» **Exercise inputs**
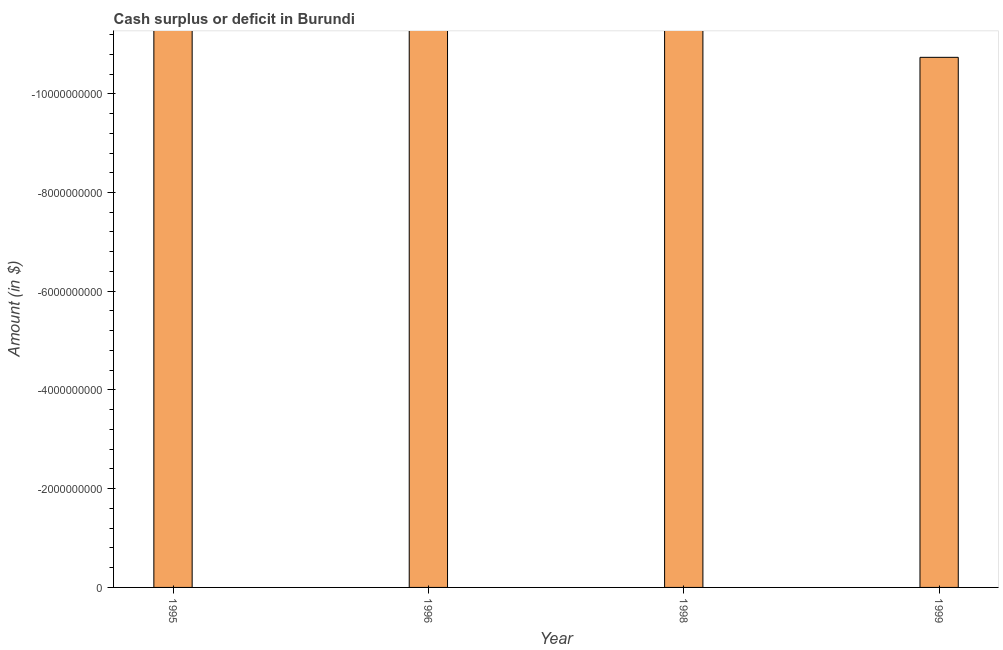Does the graph contain grids?
Your answer should be compact. No. What is the title of the graph?
Ensure brevity in your answer.  Cash surplus or deficit in Burundi. What is the label or title of the Y-axis?
Offer a terse response. Amount (in $). Across all years, what is the minimum cash surplus or deficit?
Provide a succinct answer. 0. What is the average cash surplus or deficit per year?
Your answer should be very brief. 0. What is the median cash surplus or deficit?
Your answer should be very brief. 0. How many years are there in the graph?
Give a very brief answer. 4. What is the difference between two consecutive major ticks on the Y-axis?
Offer a very short reply. 2.00e+09. What is the Amount (in $) of 1996?
Provide a short and direct response. 0. What is the Amount (in $) in 1998?
Your answer should be compact. 0. What is the Amount (in $) of 1999?
Keep it short and to the point. 0.

» **Requirement**
The response should consist of the entries above, given again exactly and free of pictures.

» **Solution for this problem**
Does the graph contain grids?
Your answer should be compact. No. What is the title of the graph?
Ensure brevity in your answer.  Cash surplus or deficit in Burundi. What is the label or title of the Y-axis?
Offer a terse response. Amount (in $). Across all years, what is the minimum cash surplus or deficit?
Provide a succinct answer. 0. What is the average cash surplus or deficit per year?
Your answer should be very brief. 0. What is the median cash surplus or deficit?
Your answer should be very brief. 0. How many years are there in the graph?
Give a very brief answer. 4. What is the difference between two consecutive major ticks on the Y-axis?
Offer a very short reply. 2.00e+09. What is the Amount (in $) of 1996?
Provide a short and direct response. 0. What is the Amount (in $) in 1998?
Your answer should be compact. 0. What is the Amount (in $) of 1999?
Keep it short and to the point. 0.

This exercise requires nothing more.